Archive for the ‘Music’ Category

Elements of a Good Band Website

Okay, so here’s a rant that I’ve had boil up in my head for the better part of a year or two, and finally, well, I’m here.

If I made a band’s Web site, I would have, at a minimum:

  1. Lyrics to the songs. This is so unbelievably important, and it’s so unfuckinglybelieveably frustrating that more bands don’t do it. Let me give you a hint, bands: hiding your lyrics from the Web will just have some fanboy put them out there for the world to see, and the people who will get the traffic [and the ad revenue] are the shady jerks with the “Congratulations, you have won a free Nintendo Wii!” ad that screams at you the moment the page loads. You want that traffic. Why? You want them to know who you are.
  2. Tour date listings. Essential. It’s a pain to update them, I know. There’s many apps out there for that, but I would choose Yahoo!’s Upcoming if I were you. Upcoming is searchable, scriptable, extensible, and also pretty darn easy to update. Then there are folks like me who use All Crazy Style to mash up Upcoming data with Last.FM plays to find out when bands I like are playing near me. Real simple: you load the data in Upcoming, and you can spit it out on your site. You can update Upcoming from anywhere.
  3. Links to listen to your stuff. Don’t fire music at me when I load your site. I know you’re a musician, but the Web is largely about text. Let me choose to listen, and give me that option, but that auto-load bullshit is for MySpace. [And don't get me wrong, MySpace has value.]
  4. Links to buy your stuff. These need to be everywhere: main site, discography pages, album pages, individual song pages. If you create a page per song, that individual song page should have a link of a place to buy that song—iTunes, eMusic, what have you. You want to cater to the fan coming in to Google some obscure lyric they heard on a commercial or in a Zach Braff vehicle—they’re gonna buy that shit if you give them half a chance.

The way to think about it is this: most people aren’t going to load up your main Web site and have that be their entry point. They just aren’t. Google is going to send them to you. So, think about a song you really love, Mr. Band Guy, and Google that. So, if you love Led Zeppelin’s “Stairway to Heaven”, you get Last.FM’s page for the song … which has … BINGO … iTunes link. Last has done the heavy lifting for you here. But they’re gonna do that for Page and Plant … chances are they won’t for your garage band.

Some thoughts: if you get a song picked up for Grey’s Anatomy or Kyle XY or whatever, you want to 1) have that fact listed on a page about that song, and not just in a news feed/blog 2) lyrics of the song on that page, so the Googlers who are bad with names but good with ears for mumbled lyrics can find it and 3) a quick, fast way for them to buy that song and 4) relevant links on that page to find out more about you.
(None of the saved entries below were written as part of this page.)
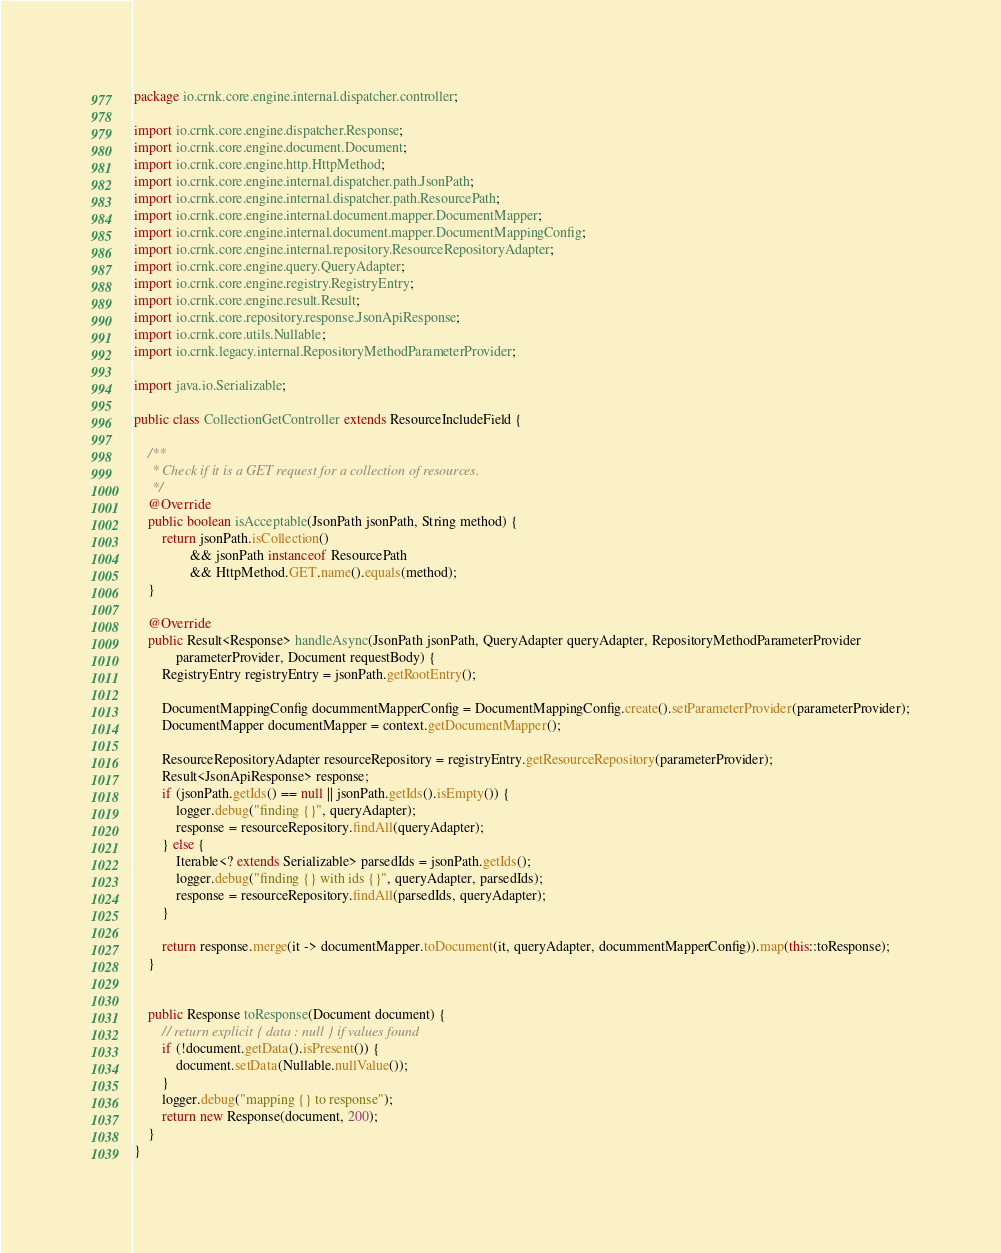<code> <loc_0><loc_0><loc_500><loc_500><_Java_>package io.crnk.core.engine.internal.dispatcher.controller;

import io.crnk.core.engine.dispatcher.Response;
import io.crnk.core.engine.document.Document;
import io.crnk.core.engine.http.HttpMethod;
import io.crnk.core.engine.internal.dispatcher.path.JsonPath;
import io.crnk.core.engine.internal.dispatcher.path.ResourcePath;
import io.crnk.core.engine.internal.document.mapper.DocumentMapper;
import io.crnk.core.engine.internal.document.mapper.DocumentMappingConfig;
import io.crnk.core.engine.internal.repository.ResourceRepositoryAdapter;
import io.crnk.core.engine.query.QueryAdapter;
import io.crnk.core.engine.registry.RegistryEntry;
import io.crnk.core.engine.result.Result;
import io.crnk.core.repository.response.JsonApiResponse;
import io.crnk.core.utils.Nullable;
import io.crnk.legacy.internal.RepositoryMethodParameterProvider;

import java.io.Serializable;

public class CollectionGetController extends ResourceIncludeField {

	/**
	 * Check if it is a GET request for a collection of resources.
	 */
	@Override
	public boolean isAcceptable(JsonPath jsonPath, String method) {
		return jsonPath.isCollection()
				&& jsonPath instanceof ResourcePath
				&& HttpMethod.GET.name().equals(method);
	}

	@Override
	public Result<Response> handleAsync(JsonPath jsonPath, QueryAdapter queryAdapter, RepositoryMethodParameterProvider
			parameterProvider, Document requestBody) {
		RegistryEntry registryEntry = jsonPath.getRootEntry();

		DocumentMappingConfig docummentMapperConfig = DocumentMappingConfig.create().setParameterProvider(parameterProvider);
		DocumentMapper documentMapper = context.getDocumentMapper();

		ResourceRepositoryAdapter resourceRepository = registryEntry.getResourceRepository(parameterProvider);
		Result<JsonApiResponse> response;
		if (jsonPath.getIds() == null || jsonPath.getIds().isEmpty()) {
			logger.debug("finding {}", queryAdapter);
			response = resourceRepository.findAll(queryAdapter);
		} else {
			Iterable<? extends Serializable> parsedIds = jsonPath.getIds();
			logger.debug("finding {} with ids {}", queryAdapter, parsedIds);
			response = resourceRepository.findAll(parsedIds, queryAdapter);
		}

		return response.merge(it -> documentMapper.toDocument(it, queryAdapter, docummentMapperConfig)).map(this::toResponse);
	}


	public Response toResponse(Document document) {
		// return explicit { data : null } if values found
		if (!document.getData().isPresent()) {
			document.setData(Nullable.nullValue());
		}
		logger.debug("mapping {} to response");
		return new Response(document, 200);
	}
}
</code>

The scenario is this: “I heard this killer song on Scrubs last night. Let me find it on Google … ooooh, there it is. 99 cents? Sure, I love that song. Hmm … who is this guy? Let me read more about him …”

It’s hell getting found in the music business. It’s hell getting found in the blogging world, too—which is why this entry is named like it is. Chances are that, if you’re not one of my regular readers, you got here from the Goog, too … so you should be nodding your head.

Okay, okay, okay, examples.

Bad: M. Ward: LOUD MUSIC, can’t find shit. Damn shame, because I love M. Ward.

Poor: Shearwater, which has a lyrics page for their stuff, but … in PDF. I know, you want art. I want to cut and paste the lyrics into iTunes. Don’t make me work, dammit.

Okay: The Mountain Goats, who have lyrics for The Sunset Tree available, but that page does not get you anywhere on that site. There isn’t a link to be found—not to the rest of the site, not to a place to buy the song you Googled, nothing. Kudos for posting the links, though.

Good: Andy Osenga, and not just because he uses some of my photos on the site. But he’s still not to great, because lyrics … Andy Osenga lyrics on Google don’t get you anywhere near him. [Or, for that matter, near andrewosenga.net, which is a problem Chris Hubbs and I should fix...]

Great: well, hell, no one really comes to mind. Leave suggestions for good band sites in the comments.

Folks, I know … this shit is hard. But it makes you money, so you better work at it.

Audio Hijack Pro + Fission = Awesome

Lately, I have become a fan of Rogue Amoeba’s products. This should surprise exactly no one: they write software focused around audio for OS X, and I’m an audio nerd who loves OS X. When I saw that NPR was streaming M. Ward’s Hold Time, I decided to put Audio Hijack Pro and Fission through their paces.

Audio Hijack Pro

I’m just scratching the surface of what AHP can do, I know. I’m using Quick Record to do this because, well, I’m lame. But in my case, AHP is taking the audio output of Firefox and recording it as an Internet stream, 128kbps stereo AAC. It does everything in one big chunk, which I then feed to …

Fission

… Fission, which claims to be “Fast, Lossless Audio Editing”. And for what I used it for, it’s quite, quite true. Now, as a note, I’m okay with the lossiness here because 1) this is a transport medium and 2) I’ve already pre-ordered the CD. I am also that person who, when coming in contact with, shall we say, illicitly-gained audio, listens and makes a quick buy/trash decision. If I don’t like it, I trash it. Very simple. Again, I’m gonna want [and buy, and cherish, and let you pry from my cold, dead fingers] the lossless version, so what’s happening here is a net win. [Looking at you, RIAA.]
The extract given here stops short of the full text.